In Summary, You need to understand if its actually possible to improve
After having set up your Server Side events, you will start seeing numbers or labels in the column “Event match quality”. These represent how effective the customer information parameters sent from your server may be at matching with Meta’s own database. Stakeholders will often question why these seem low and what steps are required to improve them.

There are numerous benefits to having a high Event Match Quality score, including seeing more conversions. But this is where the information can be a bit confusing, as the score does not reflect the quality of your Server to Server set up.
How is Event Match Quality Calculated?
To improve we first need to understand how it’s calculated, which is a closely guarded secret by Meta, but they do give us a general idea of what variables make up its score.
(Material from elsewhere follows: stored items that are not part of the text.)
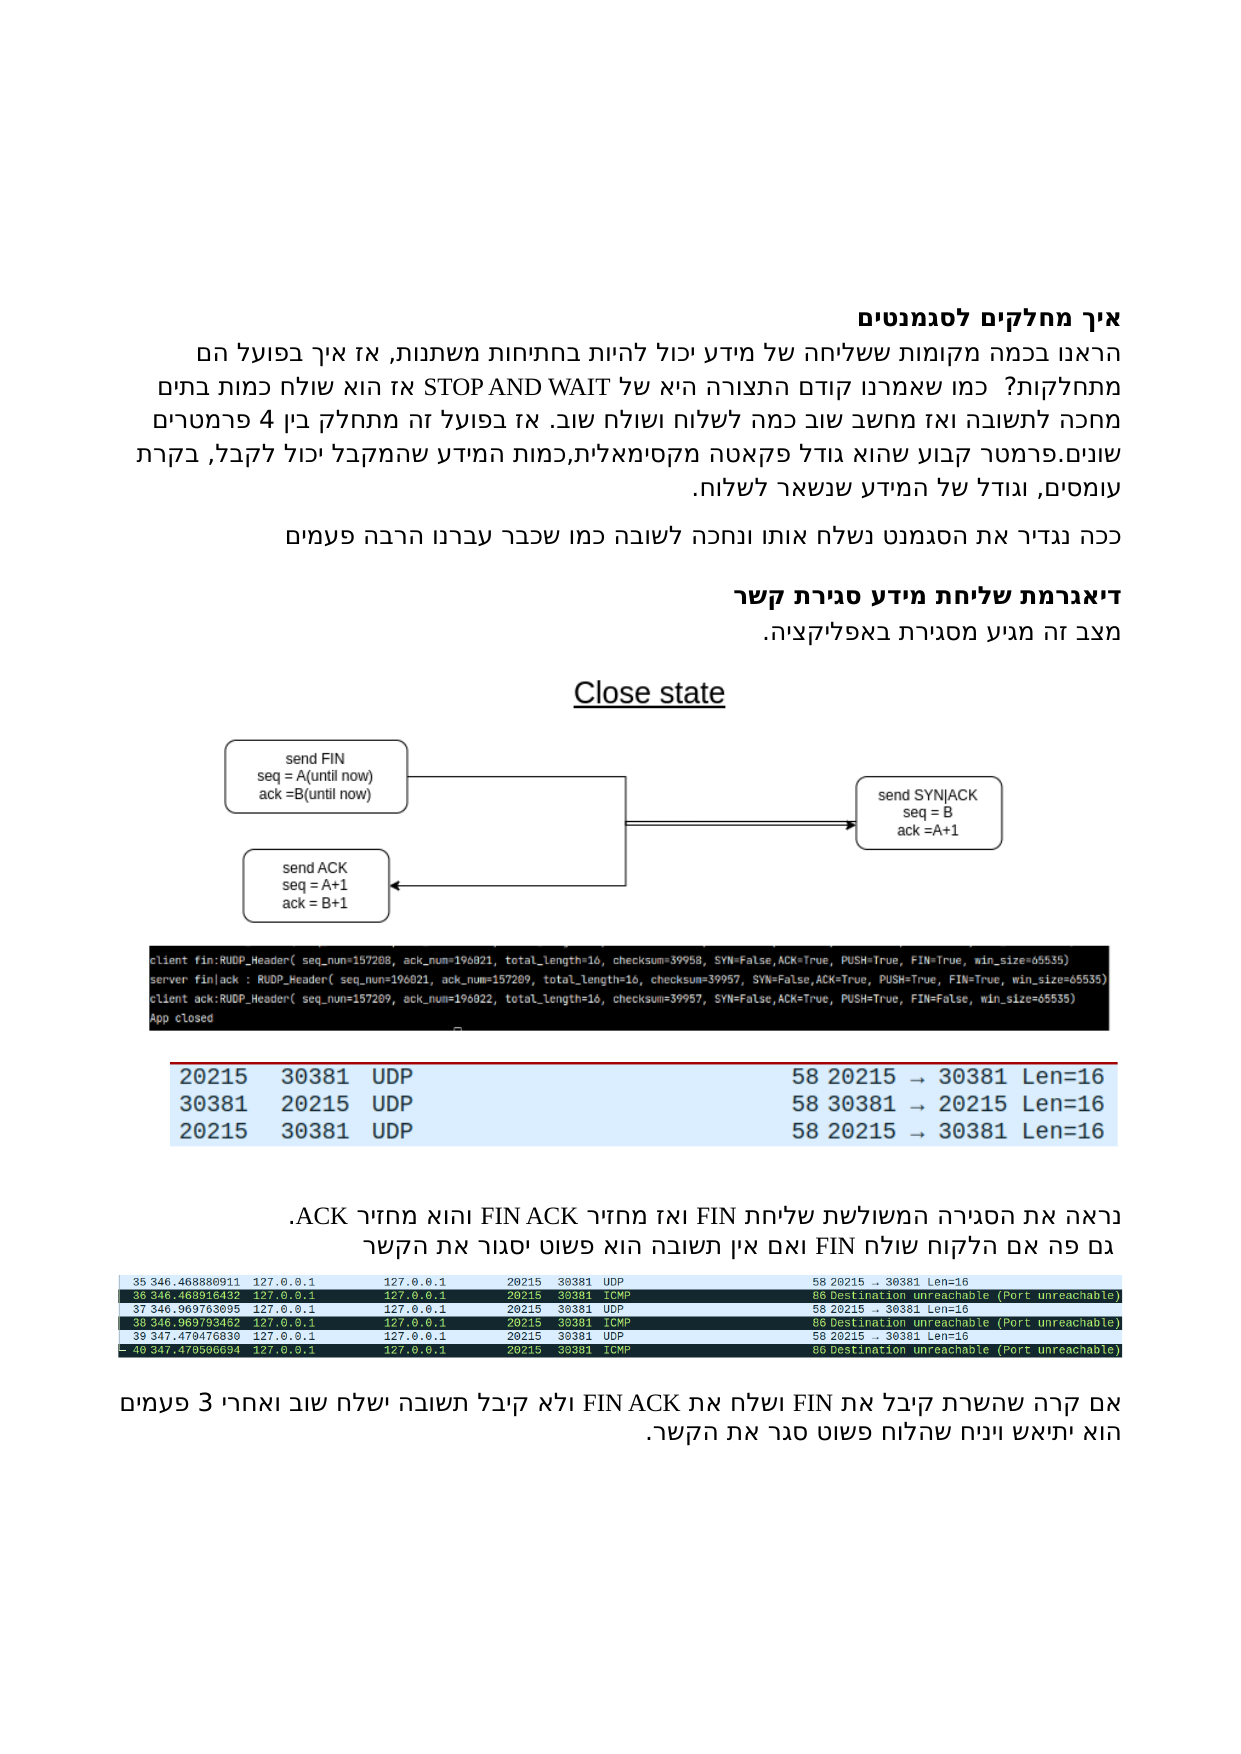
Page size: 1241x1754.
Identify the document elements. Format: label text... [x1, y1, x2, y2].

text גם פה אם הלקוח שולח FIN ואם אין תשובה הוא פשוט יסגור את הקשר [118, 1231, 1122, 1260]
text מצב זה מגיע מסגירת באפליקציה. [118, 617, 1122, 646]
text אם קרה שהשרת קיבל את FIN ושלח את FIN ACK ולא קיבל תשובה ישלח שוב ואחרי 3 פעמים הוא יתיאש ויניח שהלוח פשוט סגר את הקשר. [118, 1388, 1122, 1446]
text נראה את הסגירה המשולשת שליחת FIN ואז מחזיר FIN ACK והוא מחזיר ACK. [118, 1201, 1122, 1231]
picture [170, 1062, 1118, 1149]
text ככה נגדיר את הסגמנט נשלח אותו ונחכה לשובה כמו שכבר עברנו הרבה פעמים [118, 521, 1122, 550]
subtitle איך מחלקים לסגמנטים [118, 303, 1122, 332]
subtitle דיאגרמת שליחת מידע סגירת קשר [118, 582, 1122, 611]
text הראנו בכמה מקומות ששליחה של מידע יכול להיות בחתיחות משתנות, אז איך בפועל הם מתחלקות? כמו שאמרנו קודם התצורה היא של STOP AND WAIT אז הוא שולח כמות בתים מחכה לתשובה ואז מחשב שוב כמה לשלוח ושולח שוב. אז בפועל זה מתחלק בין 4 פרמטרים שונים.פרמטר קבוע שהוא גודל פקאטה מקסימאלית,כמות המידע שהמקבל יכול לקבל, בקרת עומסים, וגודל של המידע שנשאר לשלוח. [118, 338, 1122, 502]
picture [118, 1275, 1123, 1359]

If we want to improve the score we need to focus on sending back the three parameters with the highest impact, including Hashed Email, Client IP, and Hashed Phone number.
However not all events can be improved. The data is required when the event takes place, but these parameters will only be available on some events. If we really want to improve the score we must first understand which ones can’t be improved.
Example: PageView event
A PageView event will fire on all pages. Unless your website requires the users to always be logged in, then an email or phone number will likely not be available to use. And you will be limited to only using the IP address (In the example above, this is the the first event with a score of 3.9).
Example: Lead event
A Lead event will fire when a user submits a form or books a call, we will likely be capturing an email, phone number, name and last name. Here there are a lot more opportunities to improve the score since the data is available to use (albeit we need to first transform it).
Case Study
We set out to improve the “Event match quality” score for a client on Lead events. The form contained an email and a phone number.
The hashed email was already being sent, so to get the biggest impact we added the hashed phone number.
What was the impact?
After this deployment we saw an increase from 6.2 to 7.3


Final Thoughts
It’s easy to associate the Event match quality score with the quality of the Server to Server implementation. Stakeholders must be assured that these scores only reflect the quality of the user data being received, and not all can be improved due to the nature of the event.